Artificial intelligence (AI) and machine learning have the potential to play a crucial role in addressing the impacts of climate change. Scientists use AI to analyze data sets, create predictive models, and evaluate the potential effects of different actions. Energy companies use it to improve their grids and maximize the output of renewable energy sources.
Vehicle fleet owners use AI to reduce fossil fuel emissions through predictive maintenance and more efficient scheduling. AI can also be used to make everything from agriculture to office buildings more sustainable.
However, it is important to remember that AI is just a tool, and it has its limitations and potential pitfalls when misused. Our success in using AI to tackle climate-related challenges will depend on being mindful of these limitations as we plan our use cases and approaches for applying AI.

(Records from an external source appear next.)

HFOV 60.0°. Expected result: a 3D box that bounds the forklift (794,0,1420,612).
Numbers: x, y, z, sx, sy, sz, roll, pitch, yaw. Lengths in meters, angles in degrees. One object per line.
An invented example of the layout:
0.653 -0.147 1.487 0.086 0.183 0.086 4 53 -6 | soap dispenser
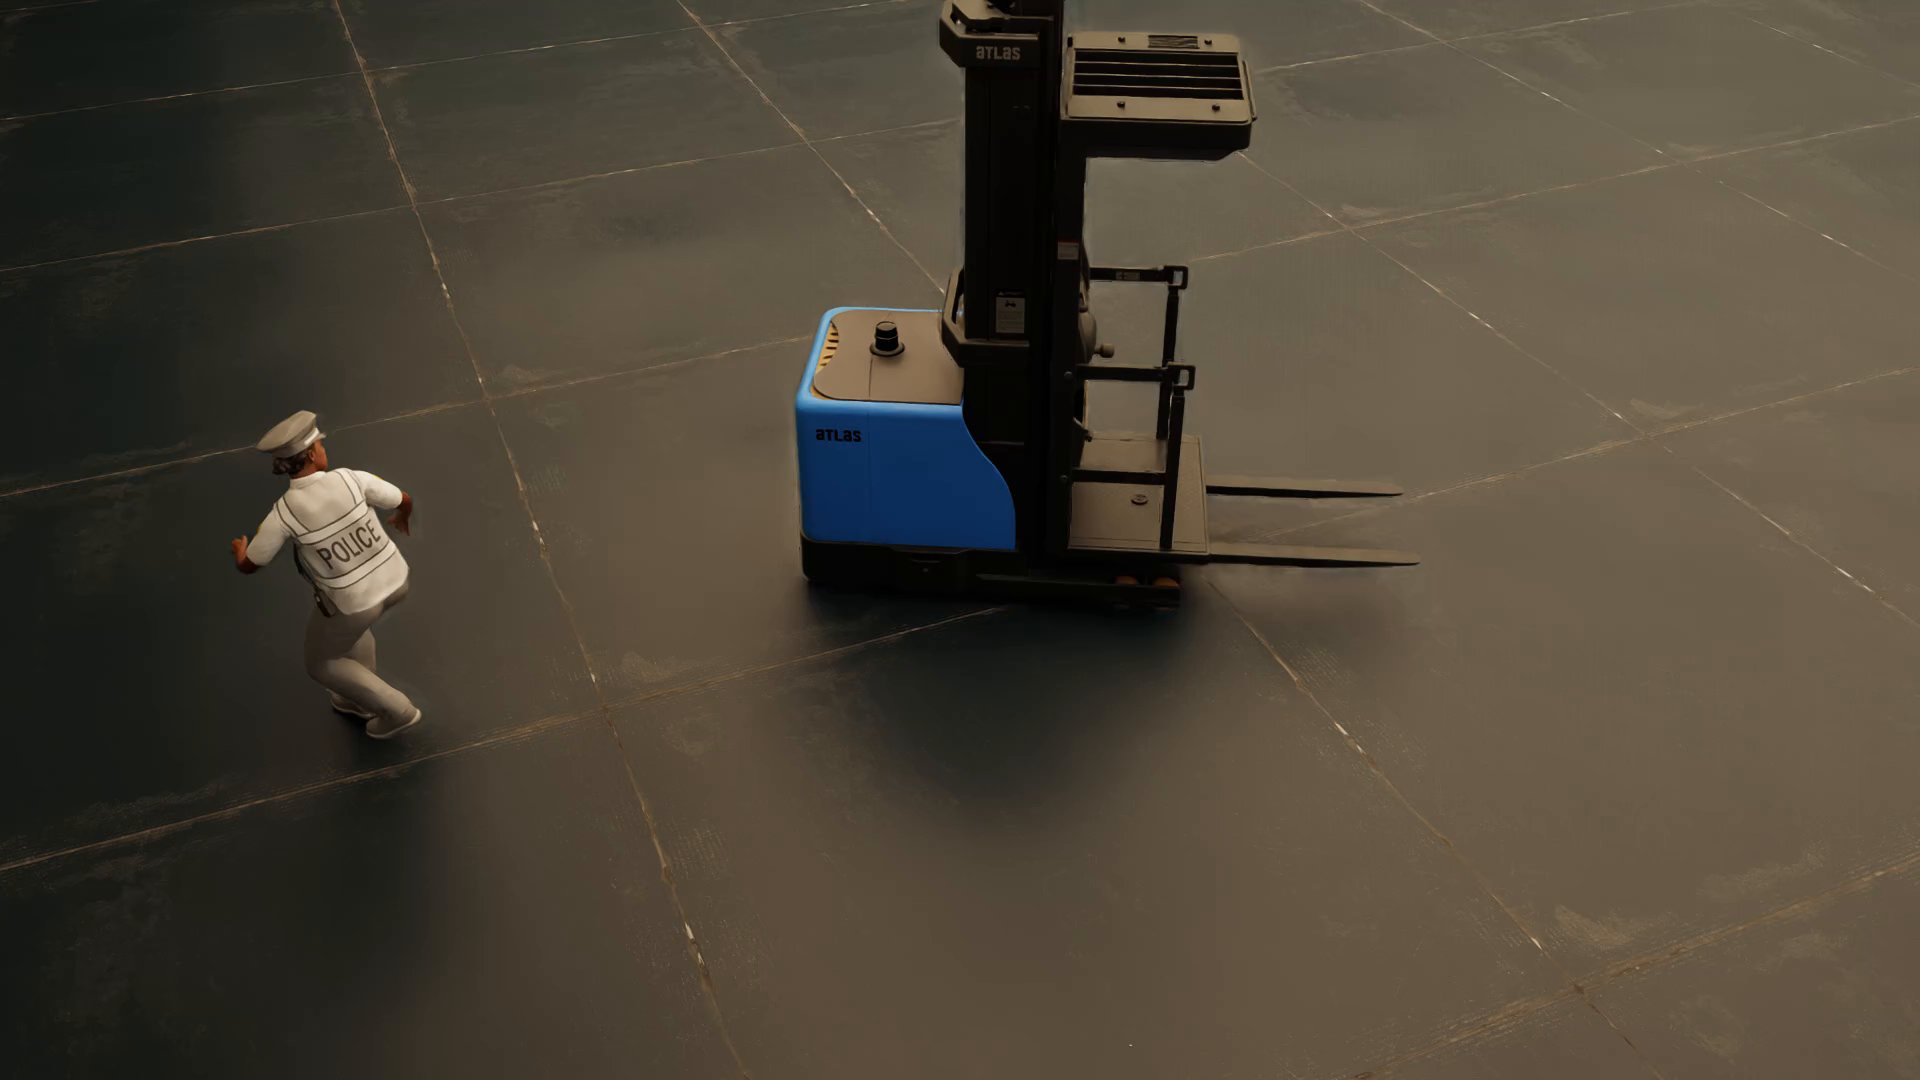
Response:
0.758 -1.166 7.738 3.031 2.935 1.130 3 36 4 | forklift

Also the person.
-2.664 0.125 7.112 0.770 1.558 0.777 20 40 26 | person
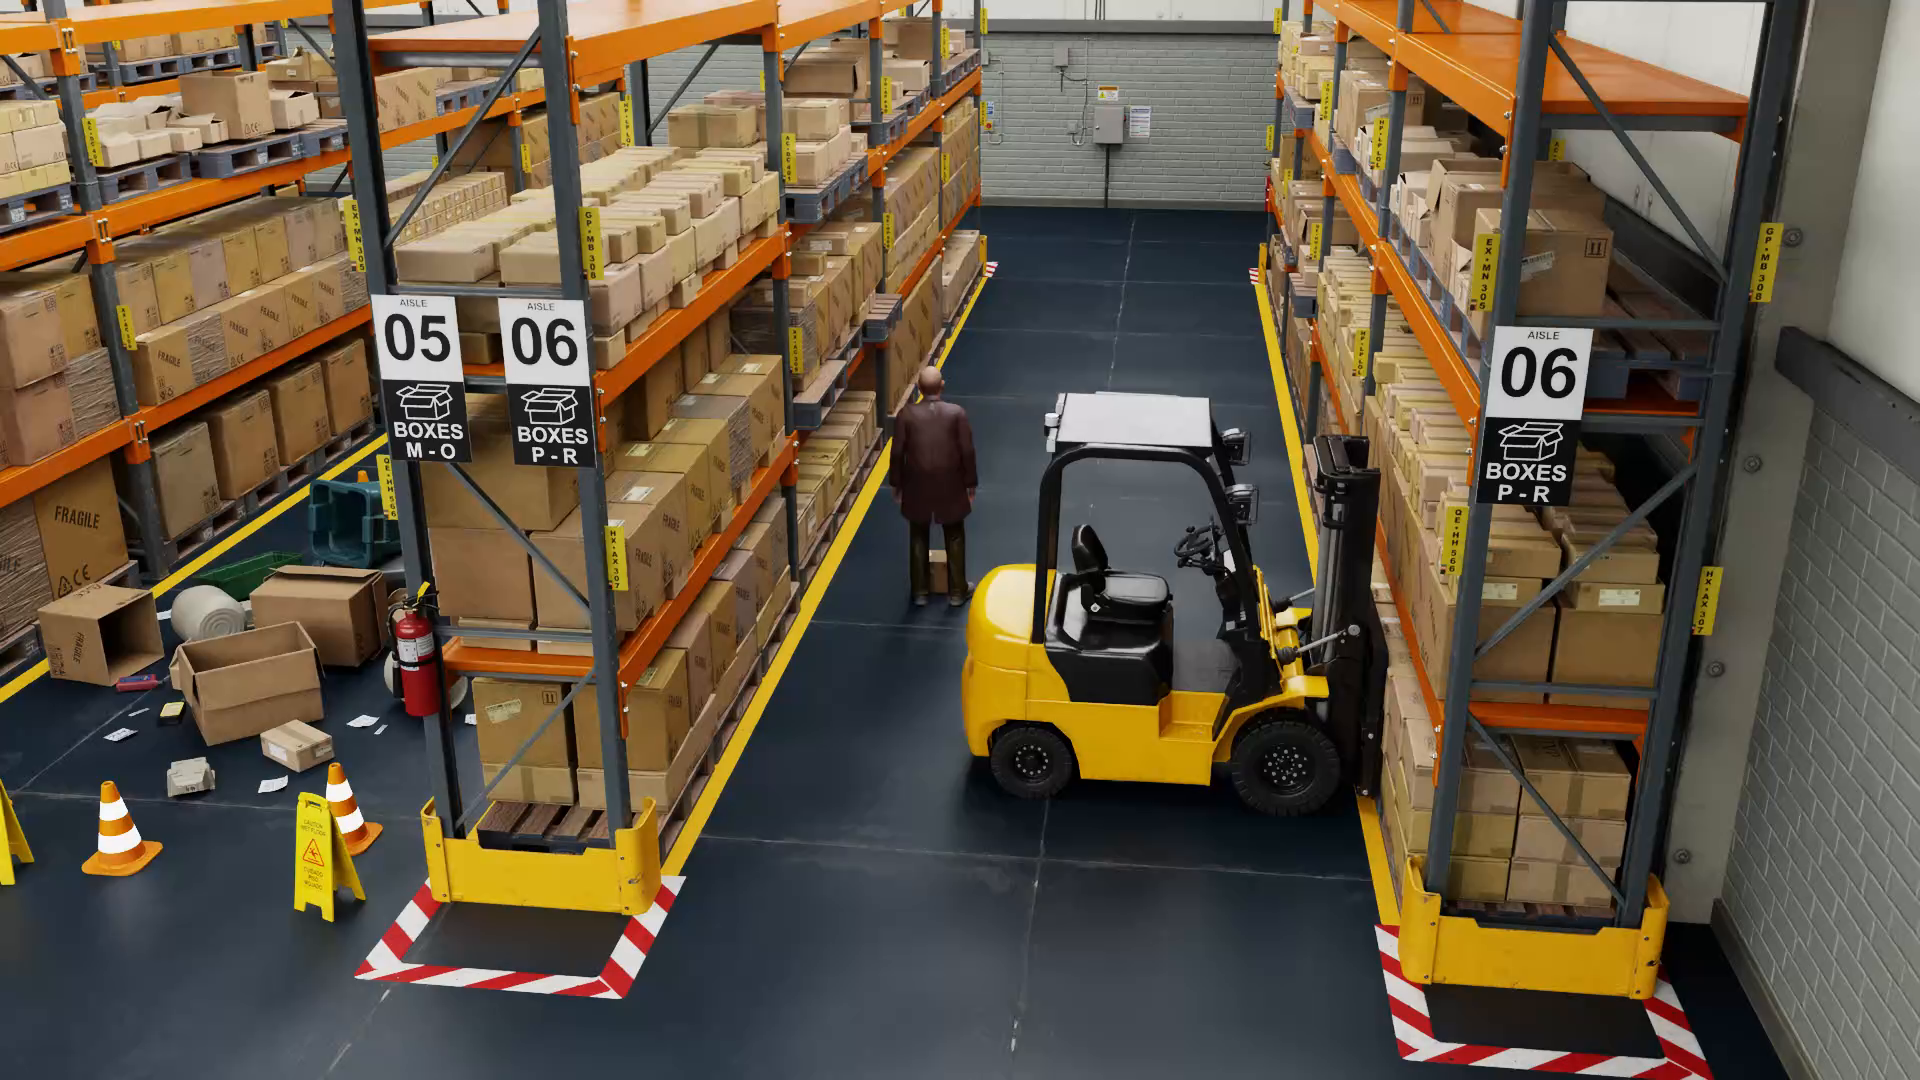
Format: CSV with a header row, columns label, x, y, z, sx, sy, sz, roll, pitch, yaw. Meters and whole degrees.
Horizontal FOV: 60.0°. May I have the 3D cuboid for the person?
label,x,y,z,sx,sy,sz,roll,pitch,yaw
person,-0.194,-0.391,12.127,0.656,1.774,0.421,1,21,3
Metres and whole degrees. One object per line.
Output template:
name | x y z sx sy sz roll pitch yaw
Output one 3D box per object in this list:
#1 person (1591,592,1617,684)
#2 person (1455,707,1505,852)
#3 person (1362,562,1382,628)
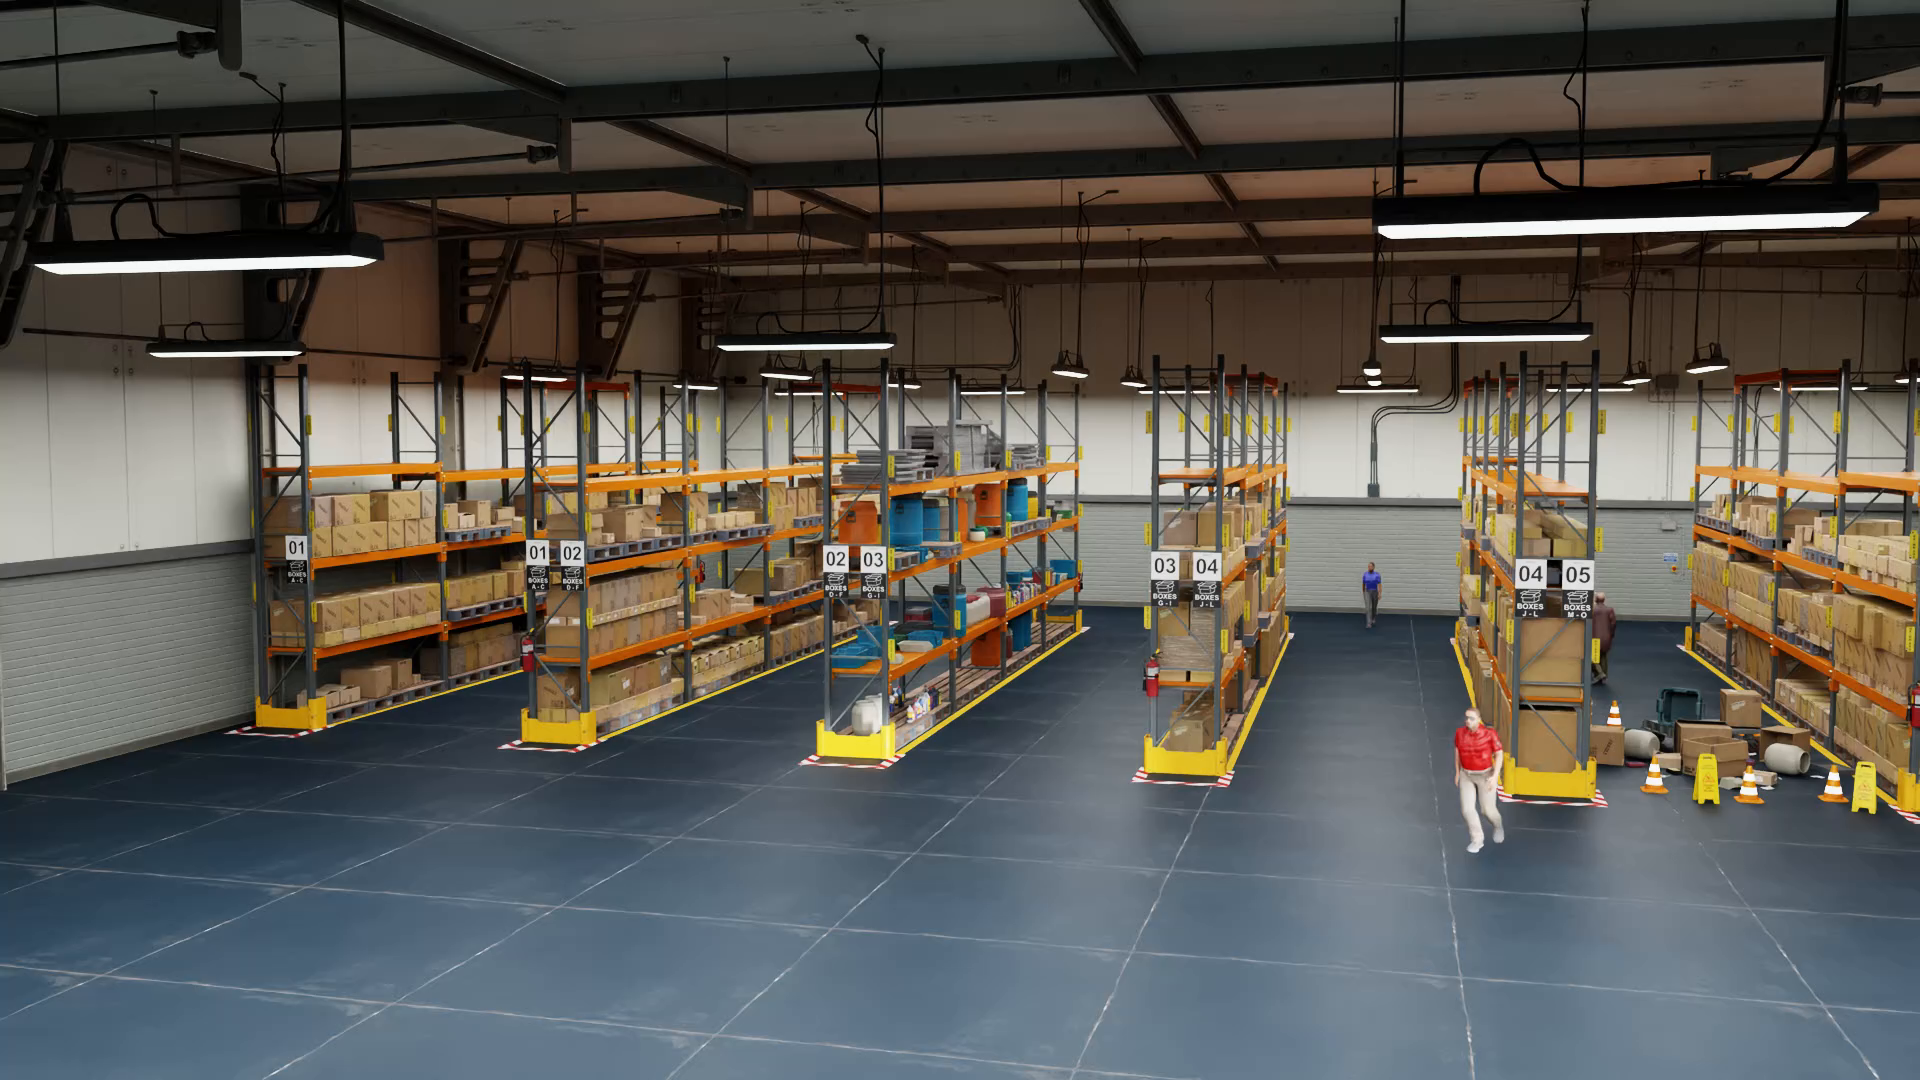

One example of how AI is being used to combat climate change is through remote sensing. The European Union, the U.S., and other countries are deploying advanced satellites that provide unprecedented insight into the causes and impacts of climate change.
AI capabilities are becoming increasingly significant in helping to translate this data into a real-time understanding of the dynamics at play in creating current and future climate conditions.
Another example is regulatory enforcement. Many agencies tasked with enforcing climate-related regulations often find themselves overstretched and under-resourced.
AI can be an indispensable tool for them to help spot early warning signs of potential environmental hazards caused by companies or utilities. Companies are also turning to AI tools to drive their regulatory compliance.
AI also has a role in citizen science, which is when scientific projects engage volunteers to conduct scientific research and monitoring activities. Some of these climate-related projects range from tracking earlier bloom times for plants in the spring to altered arrival times and locations of migratory birds and the shifting habitats of frogs and pollinators.
AI tools can drive collaboration and translate citizen-collected data into helpful insights.
However, when using data and AI, it’s important to proceed with caution. Unintended consequences or outcomes can occur due to data gaps and privacy issues. Data can be skewed by explicit or implicit biases and can contain personally identifiable information or be used to point towards it. Using an AI model trained on bad data can also affect its outputs.
To avoid these issues, it is very essential to work with experts from fields such as anthropology, law, and sociology to ensure the right questions are asked and to pre-empt privacy concerns. Additionally, when it comes to data, more is not always better. It’s critical to focus on the quality and relevance of the data rather than the quantity.